> WHAT IS BEING ASKED: Because the images are not wanted, restate every line below word for word without them.

> MATERIAL SUPPLIED:
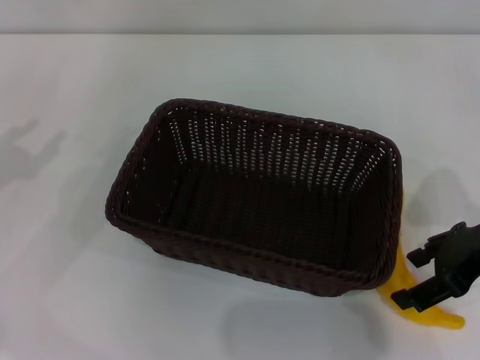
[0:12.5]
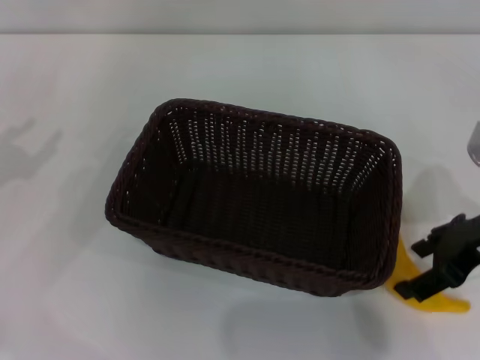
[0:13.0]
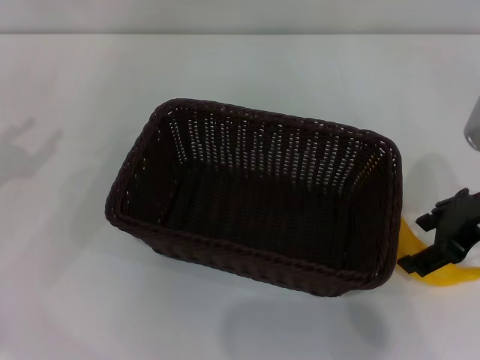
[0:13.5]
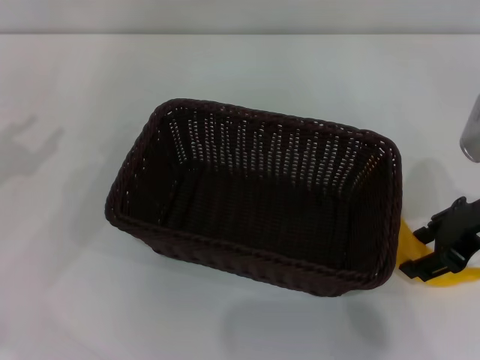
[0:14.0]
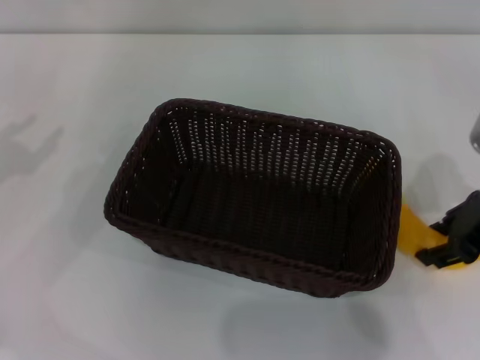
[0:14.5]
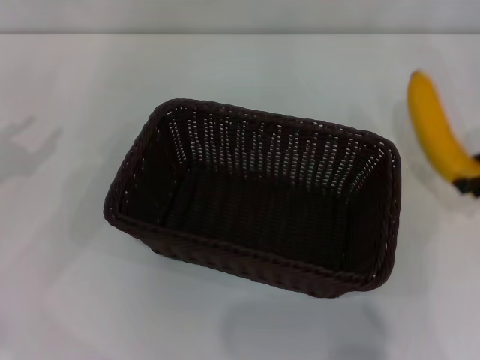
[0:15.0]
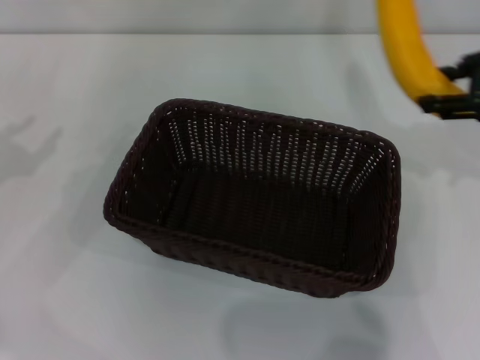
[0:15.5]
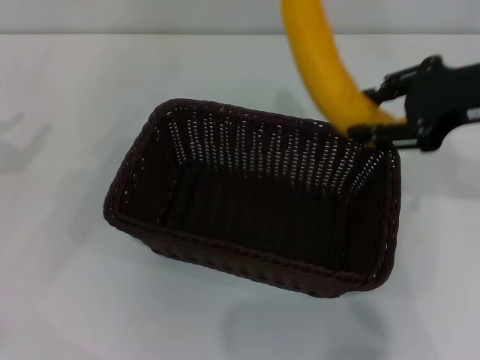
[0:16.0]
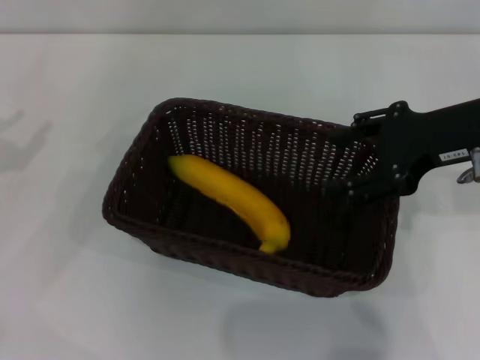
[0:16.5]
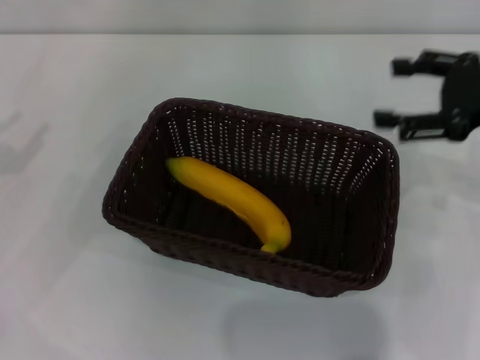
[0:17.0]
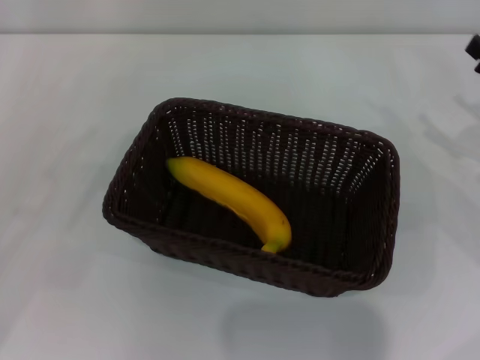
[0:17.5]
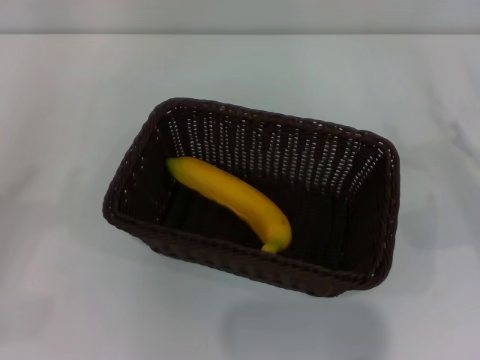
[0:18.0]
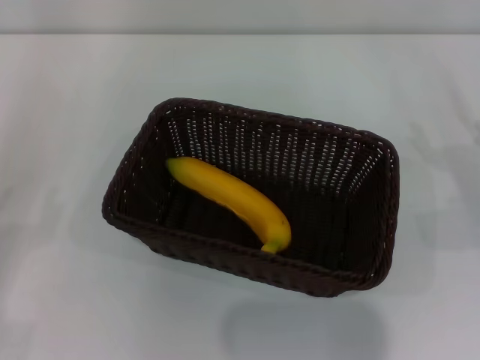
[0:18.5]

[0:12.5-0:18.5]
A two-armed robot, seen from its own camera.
0:12.5 to 0:14.5: The right gripper closes.
0:14.5 to 0:16.5: The right gripper is displaced upward by approximately 5 cm.
0:16.5 to 0:18.5: The right gripper heads downward and to the right, covering some 20 cm, and opens.

> EXERCISE RESULT:
[0:12.5]
[0:13.0]
[0:13.5]
[0:14.0]
[0:14.5]
[0:15.0]
[0:15.5]
[0:16.0]
[0:16.5]
[0:17.0]
[0:17.5]
[0:18.0]
[0:18.5]

[0:12.5-0:18.5]
A two-armed robot, seen from its own camera.
0:12.5 to 0:14.5: The right gripper closes.
0:14.5 to 0:16.5: The right gripper is displaced upward by approximately 5 cm.
0:16.5 to 0:18.5: The right gripper heads downward and to the right, covering some 20 cm, and opens.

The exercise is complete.